Studi-studi psikologi sosial memang menyebutkan bahwa isu identitas menjadi penggerak aksi kolektif yang konsisten. Namun, identitas hanyalah satu dari aspek-aspek lain yang juga sangat penting dalam menggerakkan aksi kolektif.

Setidaknya ada empat alasan lain mengapa orang-orang dengan identitas berbeda ikut melakukan aksi solidaritas terhadap Palestina, berdasarkan aspek psikologi.

Menteri Luar Negeri RI Retno Marsudi (kedua kanan) menyampaikan puisi disaksikan Ketua DPR Puan Maharani (kanan) saat Aksi Akbar Aliansi Rakyat Indonesia Bela Palestina di kawasan Monas, Jakarta, Minggu 5 November 2023. Bayu Pratama S/Antara Foto

1. Identifikasi isu politik lebih penting daripada kesamaan identitas

Kesamaan identitas saja tidak cukup dalam menjelaskan aksi kolektif. Tidak semua orang dengan identitas yang sama peduli dengan isu dalam identitasnya. Bahkan, banyak yang menghindari isu ini. Misalnya, mereka dengan identitas keagamaan namun apolitis mungkin tidak terlalu menunjukkan sikap yang kuat dalam isu-isu politik tertentu.

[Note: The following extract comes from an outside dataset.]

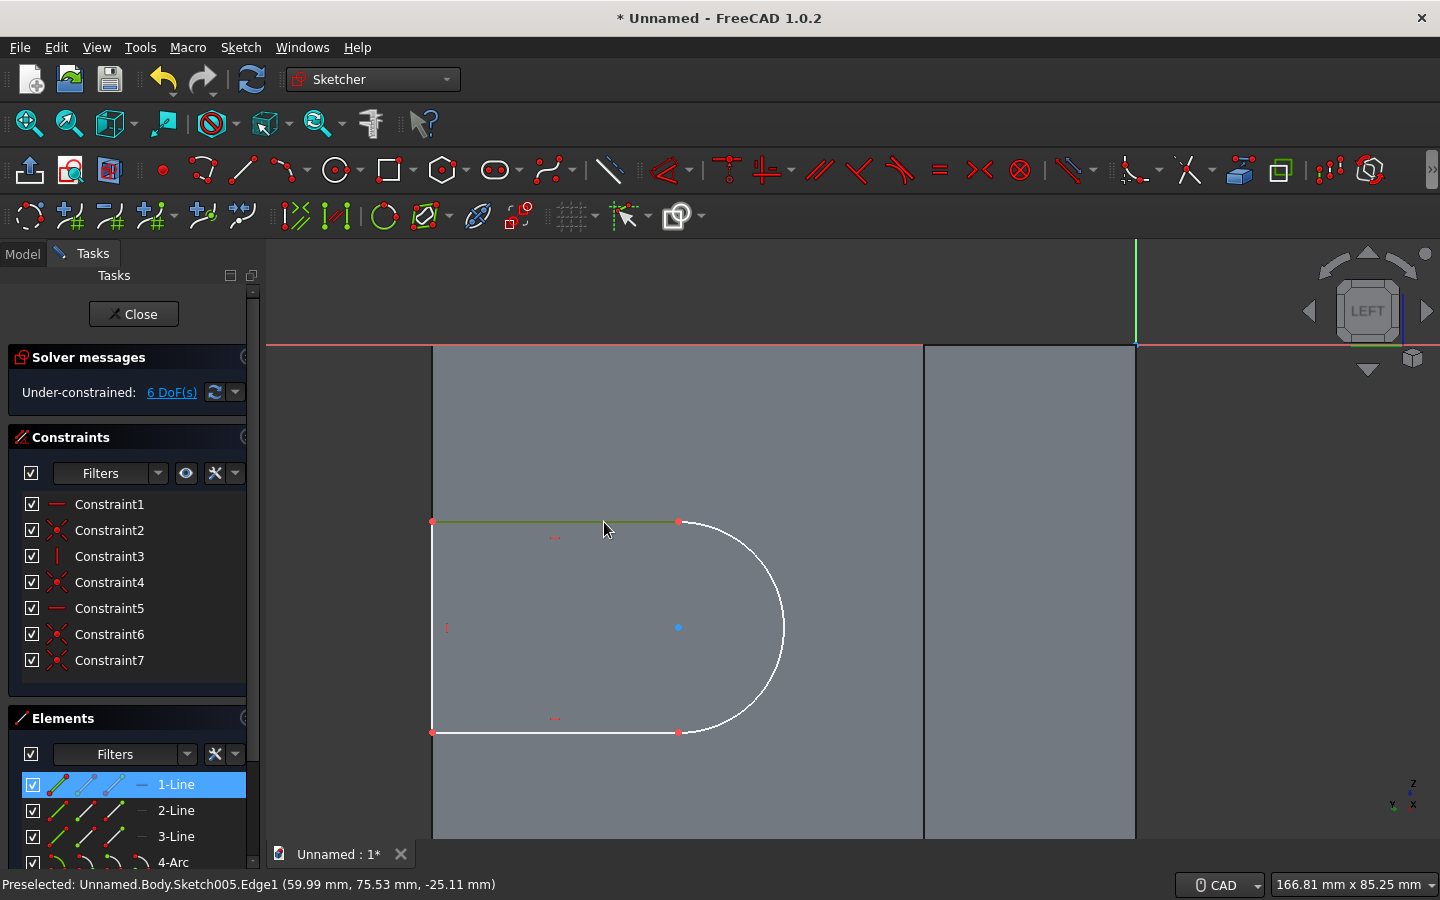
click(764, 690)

Adapun aspek yang lebih terlihat adalah “identifikasi seseorang terhadap kelompok yang menyuarakan isu politis”. Ini mencakup keterlibatan, keanggotaan, atau sekadar identifikasi seseorang terhadap kelompok-kelompok aktivis, gerakan sosial, ataupun komunitas yang menghadapi ketidakadilan. Contohnya adalah organisasi HAM, gerakan sosial humanitarian, atau forum yang menyuarakan isu politik tertentu baik yang secara langsung maupun lewat dunia maya.

Contoh lainnya adalah kaum buruh. Identitas sebagai buruh sebenarnya melekat pada banyak orang–tidak hanya kelompok menengah ke bawah. Namun, tidak semuanya tertarik melakukan aksi perjuangan buruh. Mereka yang beraksi atau memiliki solidaritas biasanya adalah memiliki identifikasi terhadap isu-isu perjuangan politik.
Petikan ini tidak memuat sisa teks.